Evans syndrome is an autoimmune disease in which an individual's immune system attacks their own red blood cells, white blood cells, and/or platelets.[1][2] These events may occur simultaneously or one may follow on from the other.[3]

Its overall pathology resembles a combination of autoimmune hemolytic anemia and immune thrombocytopenic purpura.[1] Autoimmune hemolytic anemia is a condition in which the red blood cells that normally carry oxygen and carbon dioxide are destroyed by an autoimmune process. Immune thrombocytopenic purpura is a condition in which platelets are destroyed by an autoimmune process. Platelets are a component of blood that contribute to the formation of blood clots in the body to prevent bleeding.

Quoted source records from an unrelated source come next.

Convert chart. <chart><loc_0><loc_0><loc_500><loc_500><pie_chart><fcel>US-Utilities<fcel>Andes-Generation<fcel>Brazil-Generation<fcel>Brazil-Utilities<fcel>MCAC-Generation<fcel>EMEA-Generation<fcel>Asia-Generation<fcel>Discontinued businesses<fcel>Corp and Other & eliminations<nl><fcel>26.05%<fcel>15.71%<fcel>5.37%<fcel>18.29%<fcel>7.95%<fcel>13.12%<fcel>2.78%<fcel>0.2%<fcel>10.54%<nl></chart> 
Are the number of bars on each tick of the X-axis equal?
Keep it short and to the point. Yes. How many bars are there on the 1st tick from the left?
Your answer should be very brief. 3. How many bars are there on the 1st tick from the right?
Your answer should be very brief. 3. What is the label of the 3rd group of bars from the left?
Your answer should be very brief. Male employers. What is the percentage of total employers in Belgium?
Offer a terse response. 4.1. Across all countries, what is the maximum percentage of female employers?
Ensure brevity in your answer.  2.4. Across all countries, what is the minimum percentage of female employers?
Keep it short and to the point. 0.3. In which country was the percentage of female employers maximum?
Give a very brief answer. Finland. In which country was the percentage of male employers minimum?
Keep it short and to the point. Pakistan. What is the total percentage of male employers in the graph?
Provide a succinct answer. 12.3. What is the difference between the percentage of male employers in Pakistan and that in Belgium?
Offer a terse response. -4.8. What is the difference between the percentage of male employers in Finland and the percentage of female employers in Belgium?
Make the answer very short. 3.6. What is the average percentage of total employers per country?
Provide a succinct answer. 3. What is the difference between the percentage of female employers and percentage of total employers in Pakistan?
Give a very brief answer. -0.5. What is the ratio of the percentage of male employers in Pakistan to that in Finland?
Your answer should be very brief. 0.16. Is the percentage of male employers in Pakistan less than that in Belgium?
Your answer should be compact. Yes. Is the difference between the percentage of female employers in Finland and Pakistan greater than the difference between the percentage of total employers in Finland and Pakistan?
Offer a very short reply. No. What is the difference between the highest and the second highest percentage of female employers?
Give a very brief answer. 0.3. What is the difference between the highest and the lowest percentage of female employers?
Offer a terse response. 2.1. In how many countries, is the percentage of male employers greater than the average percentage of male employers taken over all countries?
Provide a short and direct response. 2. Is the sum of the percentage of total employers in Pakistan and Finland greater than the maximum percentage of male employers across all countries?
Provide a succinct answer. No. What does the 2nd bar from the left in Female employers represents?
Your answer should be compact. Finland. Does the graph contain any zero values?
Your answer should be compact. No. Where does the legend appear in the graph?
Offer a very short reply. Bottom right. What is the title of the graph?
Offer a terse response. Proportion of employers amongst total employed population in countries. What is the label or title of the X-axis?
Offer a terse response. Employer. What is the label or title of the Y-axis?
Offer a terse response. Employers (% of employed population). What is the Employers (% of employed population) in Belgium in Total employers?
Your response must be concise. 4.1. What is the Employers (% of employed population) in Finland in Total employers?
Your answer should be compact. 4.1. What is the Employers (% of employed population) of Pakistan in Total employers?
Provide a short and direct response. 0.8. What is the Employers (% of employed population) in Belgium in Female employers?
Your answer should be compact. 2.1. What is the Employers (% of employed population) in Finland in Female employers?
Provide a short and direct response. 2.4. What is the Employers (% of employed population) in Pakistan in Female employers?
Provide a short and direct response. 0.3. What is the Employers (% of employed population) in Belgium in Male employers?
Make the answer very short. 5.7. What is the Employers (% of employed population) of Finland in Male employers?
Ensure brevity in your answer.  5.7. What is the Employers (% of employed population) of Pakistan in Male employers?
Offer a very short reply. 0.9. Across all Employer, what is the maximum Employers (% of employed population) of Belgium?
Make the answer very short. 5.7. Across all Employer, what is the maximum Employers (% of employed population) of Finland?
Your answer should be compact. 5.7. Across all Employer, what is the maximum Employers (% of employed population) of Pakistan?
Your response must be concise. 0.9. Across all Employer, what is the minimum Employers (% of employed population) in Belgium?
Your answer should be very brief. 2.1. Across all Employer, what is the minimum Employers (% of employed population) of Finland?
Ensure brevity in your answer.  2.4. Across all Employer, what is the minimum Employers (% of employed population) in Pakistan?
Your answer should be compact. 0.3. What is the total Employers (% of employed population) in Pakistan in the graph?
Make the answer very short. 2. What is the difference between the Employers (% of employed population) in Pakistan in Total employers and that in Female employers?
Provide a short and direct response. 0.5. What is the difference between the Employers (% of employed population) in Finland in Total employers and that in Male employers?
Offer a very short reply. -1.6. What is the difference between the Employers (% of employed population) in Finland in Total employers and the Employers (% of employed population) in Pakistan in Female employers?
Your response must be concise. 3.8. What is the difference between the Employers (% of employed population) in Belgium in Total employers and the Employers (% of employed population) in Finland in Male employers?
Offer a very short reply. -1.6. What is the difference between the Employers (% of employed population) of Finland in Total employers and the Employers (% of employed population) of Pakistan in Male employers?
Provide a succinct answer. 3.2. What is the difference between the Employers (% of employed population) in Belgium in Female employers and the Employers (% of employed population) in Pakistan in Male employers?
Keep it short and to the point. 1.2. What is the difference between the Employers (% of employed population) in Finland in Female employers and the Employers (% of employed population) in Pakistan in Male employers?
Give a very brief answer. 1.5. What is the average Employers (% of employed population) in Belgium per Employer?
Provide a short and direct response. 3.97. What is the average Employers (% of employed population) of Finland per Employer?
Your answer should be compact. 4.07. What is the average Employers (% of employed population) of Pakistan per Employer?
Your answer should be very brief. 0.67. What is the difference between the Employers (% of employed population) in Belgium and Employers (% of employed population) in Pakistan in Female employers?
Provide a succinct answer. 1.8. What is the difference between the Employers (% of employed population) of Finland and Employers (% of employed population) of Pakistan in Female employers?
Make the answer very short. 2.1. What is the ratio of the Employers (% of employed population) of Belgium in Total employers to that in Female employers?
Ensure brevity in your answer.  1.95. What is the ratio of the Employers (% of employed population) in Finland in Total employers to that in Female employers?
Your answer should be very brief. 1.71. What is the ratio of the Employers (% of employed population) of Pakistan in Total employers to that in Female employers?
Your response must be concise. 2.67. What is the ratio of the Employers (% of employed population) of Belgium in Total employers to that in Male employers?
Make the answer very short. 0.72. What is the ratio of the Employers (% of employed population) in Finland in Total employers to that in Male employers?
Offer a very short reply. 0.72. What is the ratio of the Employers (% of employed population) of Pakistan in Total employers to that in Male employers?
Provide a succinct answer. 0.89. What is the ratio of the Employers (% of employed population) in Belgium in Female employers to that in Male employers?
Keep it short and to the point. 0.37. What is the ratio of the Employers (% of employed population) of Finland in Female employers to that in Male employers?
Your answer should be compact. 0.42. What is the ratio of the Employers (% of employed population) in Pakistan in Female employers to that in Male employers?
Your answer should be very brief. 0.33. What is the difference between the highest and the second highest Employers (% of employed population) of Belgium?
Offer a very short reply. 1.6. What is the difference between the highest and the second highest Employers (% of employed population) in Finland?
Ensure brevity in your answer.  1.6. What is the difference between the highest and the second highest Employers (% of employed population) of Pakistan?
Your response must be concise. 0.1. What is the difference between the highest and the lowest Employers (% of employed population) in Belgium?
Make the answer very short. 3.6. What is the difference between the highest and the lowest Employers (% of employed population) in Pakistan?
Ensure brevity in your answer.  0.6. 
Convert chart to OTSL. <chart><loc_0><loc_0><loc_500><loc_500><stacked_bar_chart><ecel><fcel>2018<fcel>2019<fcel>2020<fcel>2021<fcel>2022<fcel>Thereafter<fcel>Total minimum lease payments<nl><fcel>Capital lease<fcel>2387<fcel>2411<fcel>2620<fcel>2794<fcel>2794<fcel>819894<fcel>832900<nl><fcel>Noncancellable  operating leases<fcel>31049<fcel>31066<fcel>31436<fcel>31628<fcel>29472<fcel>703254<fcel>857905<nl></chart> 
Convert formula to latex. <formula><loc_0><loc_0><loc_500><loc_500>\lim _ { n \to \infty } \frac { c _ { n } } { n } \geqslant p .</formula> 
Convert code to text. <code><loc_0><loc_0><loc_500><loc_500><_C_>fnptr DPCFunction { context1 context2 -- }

The syndrome was first described in 1951 by R. S. Evans and colleagues.[1]

Signs and symptoms[edit]

It has been variously reported that between 10%[4] and 23%[5] of patients who have autoimmune hemolytic anemia, will also have thrombocytopenia and thus Evans syndrome. The two features may occur together or sequentially.[6]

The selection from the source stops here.